Network Working Group                                          J. Levine
Internet-Draft                                      Taughannock Networks
Intended status: Informational                                R. Gellens
Expires: May 14, 2012                              Qualcomm Incorporated
                                                           November 2011

                   Mailing Lists and UTF-8 Addresses
                    draft-ietf-eai-mailinglistbis-00

Abstract

   This document describes considerations for mailing lists with the
   introduction of internationalized email addresses.  It outlines some
   possible scenarios for handling lists with mixtures of
   internationalized and traditional addresses, but does not offer
   implementation or deployment advice.

Status of this Memo

   This Internet-Draft is submitted in full conformance with the
   provisions of BCP 78 and BCP 79.

   Internet-Drafts are working documents of the Internet Engineering
   Task Force (IETF).  Note that other groups may also distribute
   working documents as Internet-Drafts.  The list of current Internet-
   Drafts is at http://datatracker.ietf.org/drafts/current/.

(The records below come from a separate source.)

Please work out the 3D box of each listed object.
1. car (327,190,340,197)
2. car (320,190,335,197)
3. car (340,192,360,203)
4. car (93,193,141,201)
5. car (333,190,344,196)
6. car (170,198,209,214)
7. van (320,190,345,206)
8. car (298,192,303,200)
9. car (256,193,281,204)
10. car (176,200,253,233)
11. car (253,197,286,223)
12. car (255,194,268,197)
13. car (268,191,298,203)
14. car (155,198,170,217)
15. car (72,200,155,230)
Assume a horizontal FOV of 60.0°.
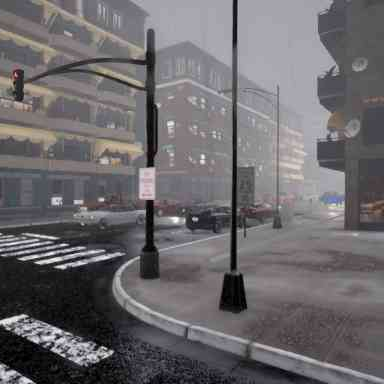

   Internet-Drafts are draft documents valid for a maximum of six months
   and may be updated, replaced, or obsoleted by other documents at any
   time.  It is inappropriate to use Internet-Drafts as reference
   material or to cite them other than as "work in progress."

   This Internet-Draft will expire on May 14, 2012.

Copyright Notice

   Copyright (c) 2011 IETF Trust and the persons identified as the
   document authors.  All rights reserved.

   This document is subject to BCP 78 and the IETF Trust's Legal
   Provisions Relating to IETF Documents (http://trustee.ietf.org/
   license-info) in effect on the date of publication of this document.
   Please review these documents carefully, as they describe your rights
   and restrictions with respect to this document.  Code Components
   extracted from this document must include Simplified BSD License text
   as described in Section 4.e of the Trust Legal Provisions and are
   provided without warranty as described in the Simplified BSD License.

Table of Contents

   1.  Introduction . . . . . . . . . . . . . . . . . . . . . . . . .  2
   2.  Scenarios Involving Mailing Lists  . . . . . . . . . . . . . .  4

Levine & Gellens                  info                          [Page 1]


Internet-Draft     Mailing Lists and UTF-8 Addresses       November 2011

     2.1.  Fully EAI lists  . . . . . . . . . . . . . . . . . . . . .  4
     2.2.  Mixed EAI and ASCII lists  . . . . . . . . . . . . . . . .  4
     2.3.  SMTP issues  . . . . . . . . . . . . . . . . . . . . . . .  5
   3.  List headers . . . . . . . . . . . . . . . . . . . . . . . . .  5
     3.1.  EAI list headers . . . . . . . . . . . . . . . . . . . . .  5
     3.2.  Downgrading list headers . . . . . . . . . . . . . . . . .  6
     3.3.  Subscribers' addresses in downgraded headers . . . . . . .  7
   4.  Security considerations  . . . . . . . . . . . . . . . . . . .  7
   5.  References . . . . . . . . . . . . . . . . . . . . . . . . . .  7
   Appendix A. Change Log . . . . . . . . . . . . . . . . . . . . . .  8
     Appendix A.1.  Changes up to -00 . . . . . . . . . . . . . . . .  8
   Authors' Addresses . . . . . . . . . . . . . . . . . . . . . . . .  8

1.  Introduction

   This document describes considerations for mailing lists with the
   introduction of internationalized email addresses.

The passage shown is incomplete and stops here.